Although a champion of health care access otherwise, Gov. John Bel Edwards has opposed abortion as long as he’s been in public life.

Yet last year the governor changed his tune, or added a few politically discordant notes anyway, once it became clear that the U.S. Supreme Court was about to reverse Roe v. Wade and make Louisiana’s "trigger" law, which theoretically outlawed almost all abortions, very real.

As lawmakers rushed last spring to double down on the abortion ban, Edwards said he hoped their new bill would include exceptions for victims of rape and incest — perhaps not a new position for him personally, but one he hadn’t previously pushed.

Legislators didn’t, and Edwards signed the bill anyway. But at least his change in emphasis if not heart acknowledged the tragic scenarios about to play out in a post-Roe Louisiana; he aimed to keep victims of violence, including young children, from being violated a second time.

Such compassion in the face of devastating situations would seem a natural response, even for those who reject freer access to abortion.

But it’s not in the nature of the Louisiana Legislature, we learned for sure last week.

With the ban now a reality, advocates for those seeking to slightly loosen the state’s harsh laws — with Edwards on board this time — tried one more time to get through to lawmakers on the subject.

They came to the Administration of Criminal Justice Committee last week armed with a poll showing that 70% of Louisiana voters join the governor in supporting rape and incest exceptions.

Some told deeply personal stories of trauma, including the sponsor of House Bill 346, state Rep. Delisha Boyd, D-New Orleans, who described how her own mother gave birth at 15 after having been raped by a 28-year-old man.

"My mother never recovered," Boyd said. "No one looked after my mother. No one looked out for me."

Others put such stories in the larger context.

“This is extremely dangerous. ... By forcing survivors who want abortions to give birth you are forcing them to forever be connected and controlled by their rapists,” Morgan Lamandre, president of the Sexual Trauma Awareness and Response organization, warned.

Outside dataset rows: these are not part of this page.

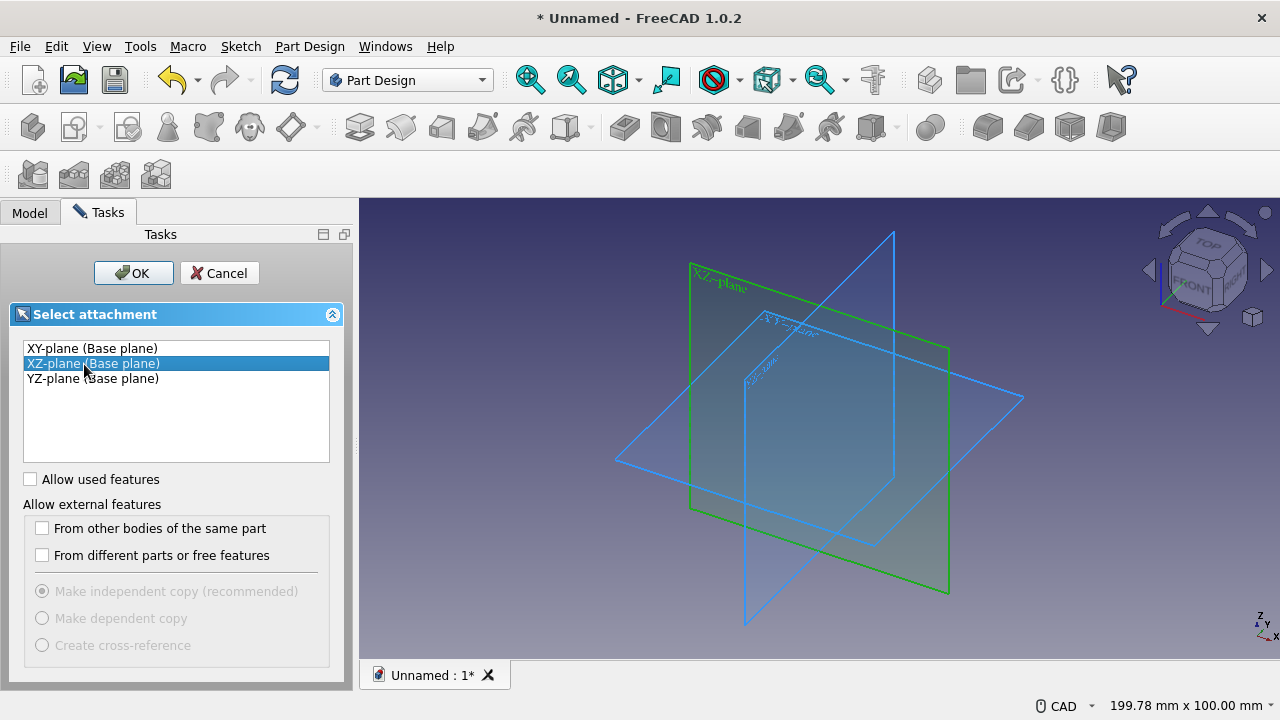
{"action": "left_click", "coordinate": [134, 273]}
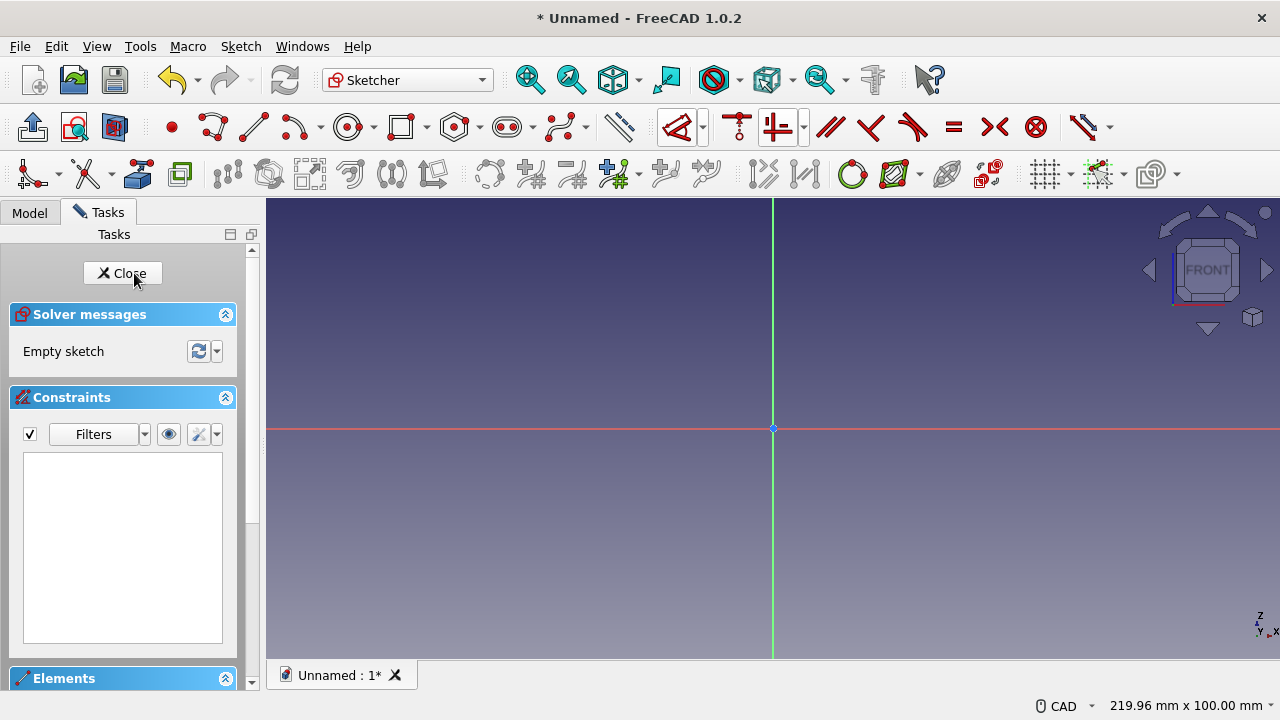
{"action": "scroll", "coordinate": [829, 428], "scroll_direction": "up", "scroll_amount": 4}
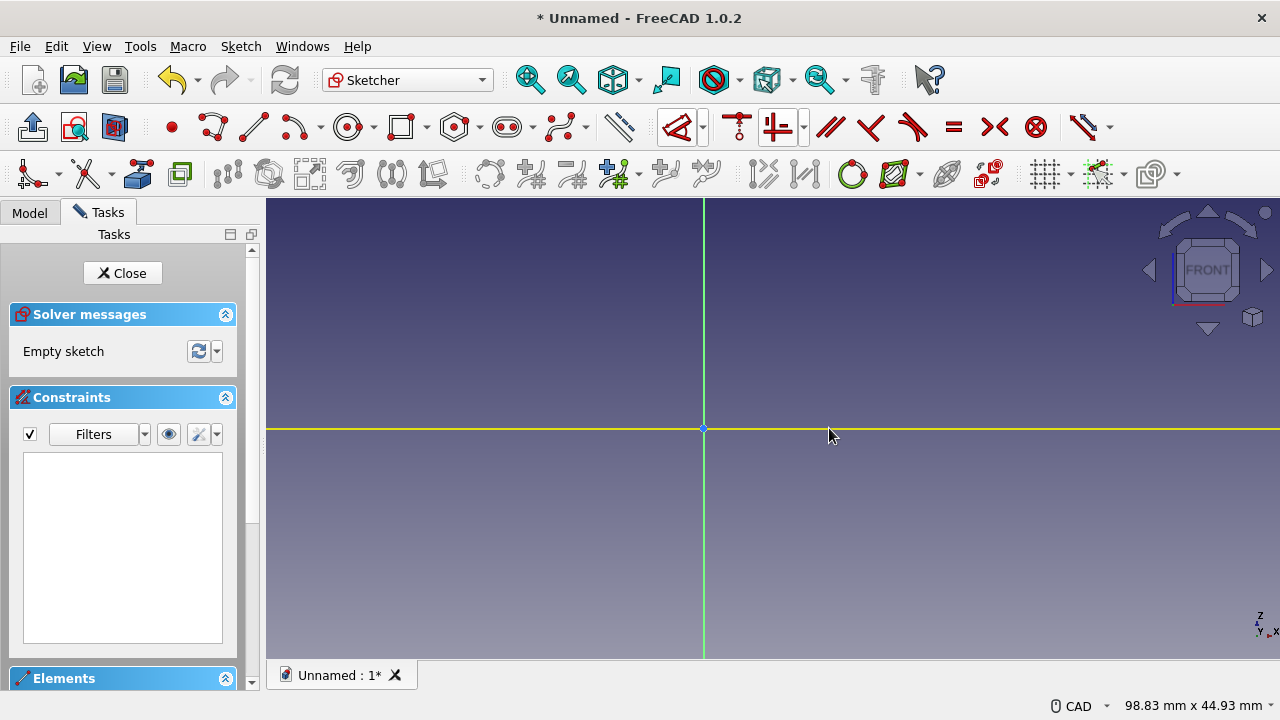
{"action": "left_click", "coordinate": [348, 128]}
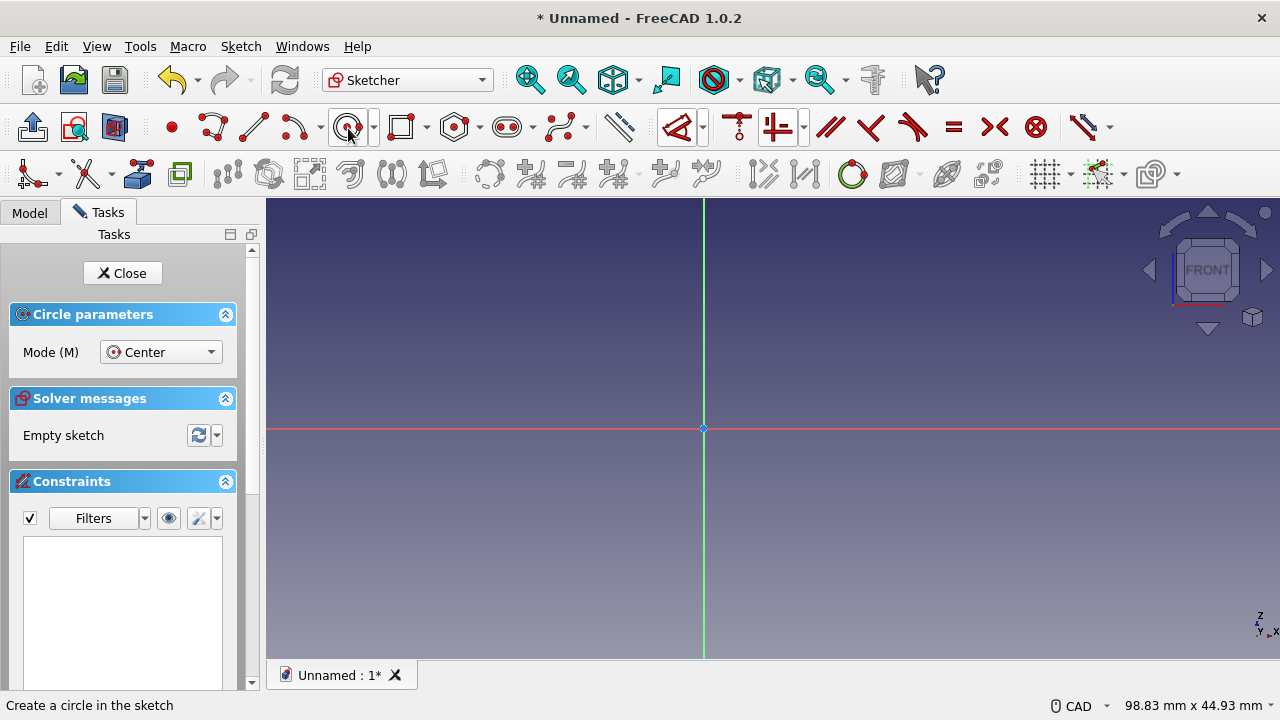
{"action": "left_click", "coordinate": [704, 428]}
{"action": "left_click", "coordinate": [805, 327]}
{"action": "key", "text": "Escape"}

They sat through accusations that they were trying to use rape merely as “an excuse to legalize abortion,” as former state Rep. Woody Jenkins, a Baton Rouge Republican known for waving around plastic fetuses during earlier abortion debates, put it.

But their pleas got nothing but cold shoulders from the committee members themselves, and a 10-5 vote to keep things just the way they are.

It was a bad day all around for those who believe Louisiana’s approach is simply too harsh. Another rape and incest exemption went down 9-5, and several clarifying bills aimed at making sure that women having miscarriages or suffering other dangerous conditions can get treatment were pulled, destined to become hot potatoes offered to other committees that might give them a fair hearing.

Part of a bill by state Rep. Aimee Adatto Freeman, D-New Orleans, could come back in watered-down form. Her original proposal, House Bill 522, would allow one doctor, not two, to attest that a pregnancy meets legal requirements for medical unviability before an emergency abortion can be performed; the two-provider requirement is a particular obstacle in the state’s rural medical deserts.

Likely dead for the session, though, is Freeman’s proposal to remove the prospect of imprisonment for providers, even though the poll by JMC Analytics found that 59% percent of voters interviewed oppose the provision, which has an obvious chilling effect.

New Orleans Health Director Jennifer Avegno, an emergency room physician, said on “60 Minutes” recently that the law has paralyzed care, but that providers and hospitals fear repercussions if they speak out. She highlighted a letter last year from Attorney General Jeff Landry, now a candidate to replace Edwards, noting that physicians who violate the ban could lose their medical licenses and their “liberty,” and rightly labeled it a "threat."

Providers and patients likely have even more to fear now that lawmakers have surveyed the post-Roe landscape and found it, by and large, acceptable. 

If the testimony and the polls won’t get them to show some compassion toward those navigating this treacherous new reality, I don’t know what will.